Stay away from any table made in India. If you think Chinese stuff is 
schloppy, you'll get quickly informed its worse, lots worse than the 
Chinese stuff. I was dumb and bought a 4", but when I motorized it, the 
inconsistent backlash and lack of a set of table locks became quite 
obvious. And the odd angle the motor sticks out is a PITA, always 
hitting something. So look for something with a horizontal worm AND 
clearance enough to clear the table with the motor unless you want to 
make a pad to gain the clearance.
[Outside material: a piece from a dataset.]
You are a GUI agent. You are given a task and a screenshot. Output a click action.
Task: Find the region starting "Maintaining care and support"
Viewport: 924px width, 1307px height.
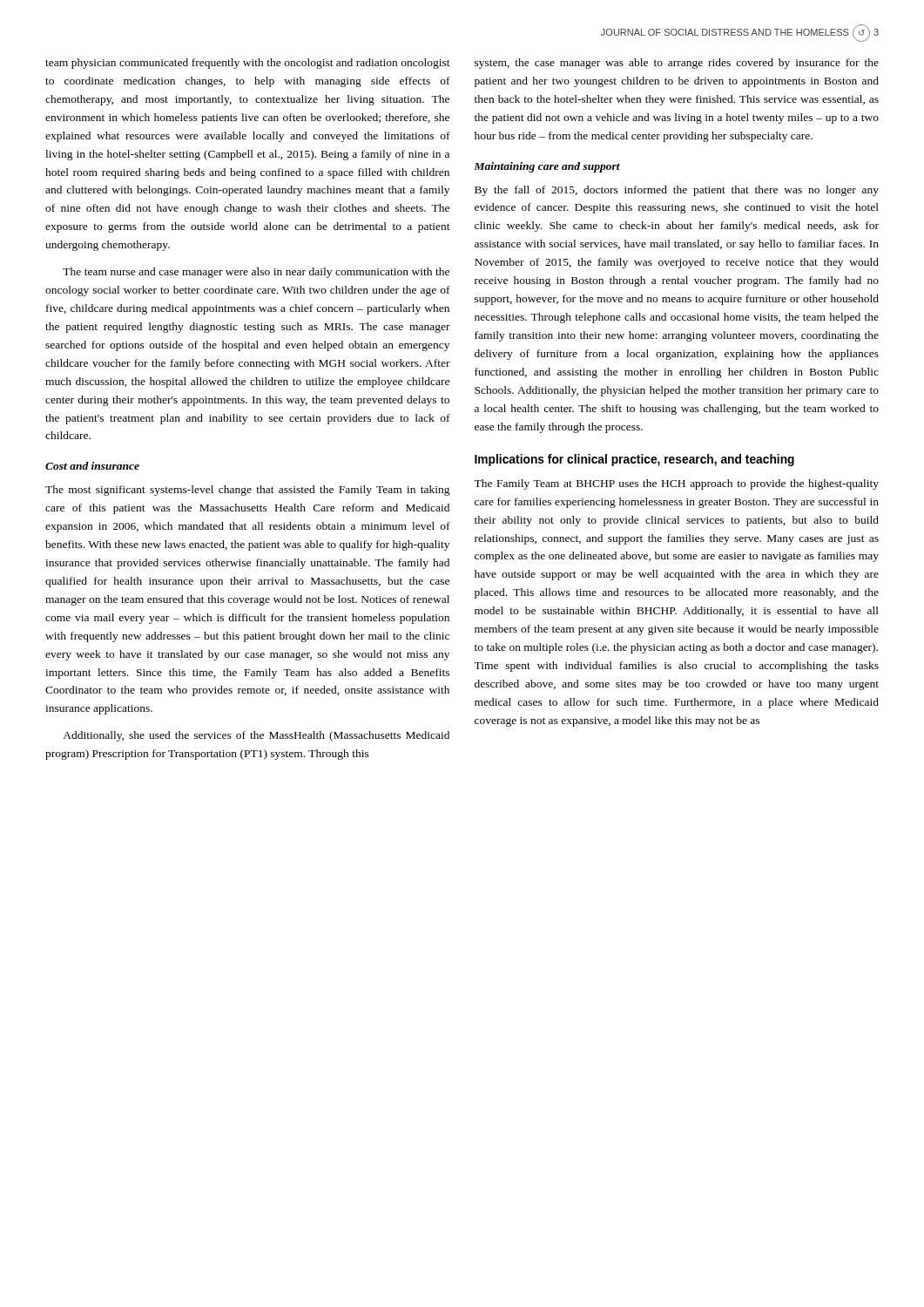[x=547, y=167]

I've been mentally plotting how to 
make a 45 degree tilt mount so the motor will stick out horizontally, 
but haven't yet found out where I stashed my round tuit, may have to 
make more of those if I can ever find a pattern that doesn't have 
copyright stamped all over it. :)

> I want to document the process so if it works someone else can
> duplicate it.
>
Thats to be desired.

> I ended up reading a lot of data from the belt supplier's web sites. 
> Yes GT2 profile should be used in every new design.  Only use
> trapezoid profile teeth as replacement parts.   The newer profile
> almost doubles the system performance and as you said, it uses a much
> lower belt tension too.
>
> The major different I find between ball and lead screws is friction. 
> A ball screw converts about 95% of the applied motor torque to thrust
> while a lead screw converts only 40% to 50% of the torque to thrust,
> the rest of the power goes into heating the screw and nut by sliding
> friction.  So in theory I should see at least a doubling on the z-axis
> performance you have. I don't know, we shall see.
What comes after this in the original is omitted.